6. Data Frames in R • Let’s say you wanted to find the number of losses by Enby. • You can select a member of an array by using a vector of Boolean values to specify which item to return from a list: df1$teams==”Enby" [1] FALSE FALSE TRUE FALSE FALSE • Then you can use this vector to refer to the right element in the losses vector: df1$l[df1$teams==“Enby"] [1] 77

7. The read.table() and read.csv() functions • read.table() and read.csv() are the ‘workhorse functions’ of R!

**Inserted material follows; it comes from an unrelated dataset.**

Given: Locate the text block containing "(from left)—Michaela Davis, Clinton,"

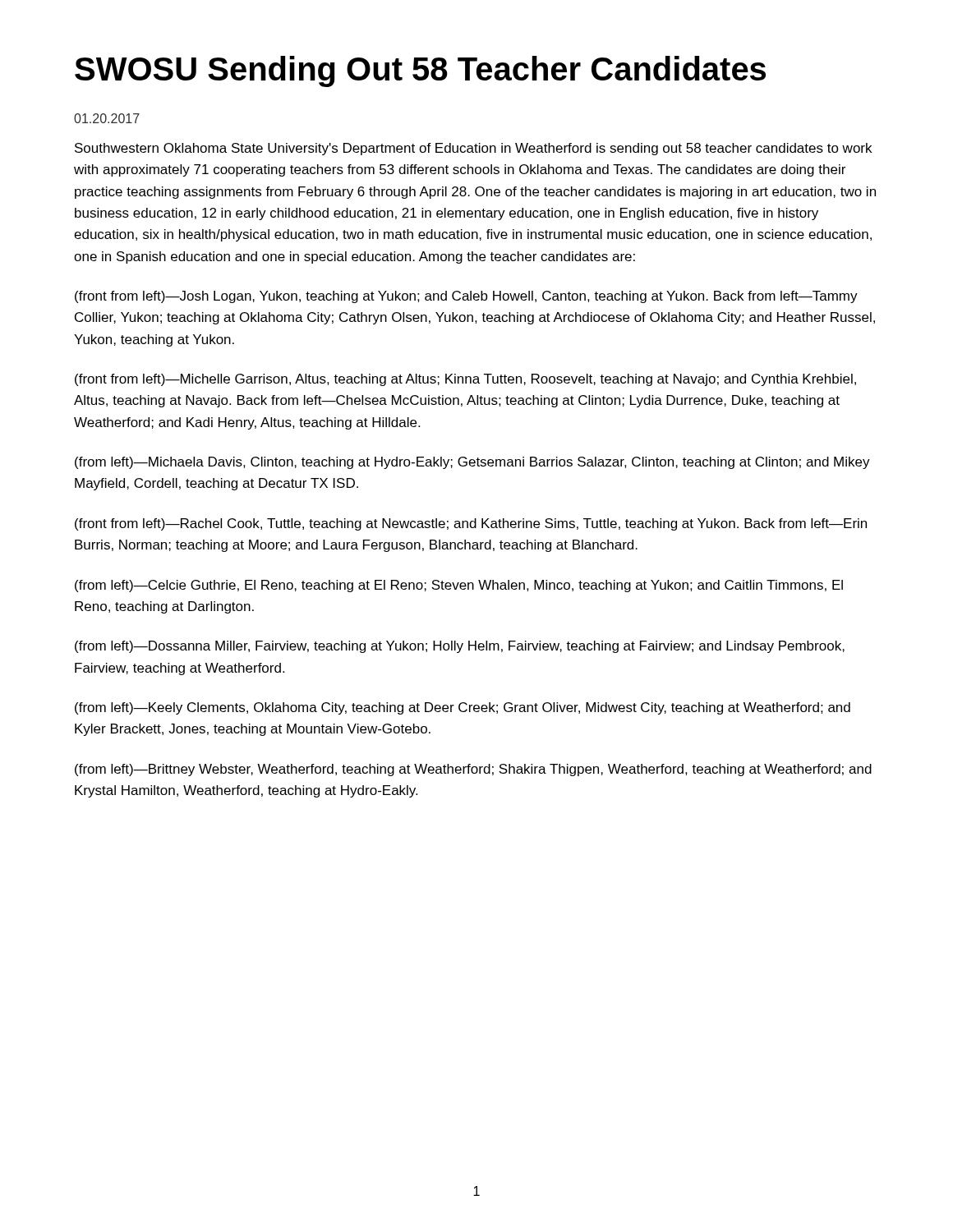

8. The read.table() function • read.table()function reads in text files and converts to a data frame. • It can be used for reading in external files. It works for any connection: • external hard drive • over the Internet • anywhere data can be accessed • read.table() is designed to read space-separated external text (ASCII) files with free-formatted data and to create a data frame • It will let you read in any type of delimited ASCII file. • It can read in both numeric and character values. • This is by far the easiest and most reliable method of entering data into R.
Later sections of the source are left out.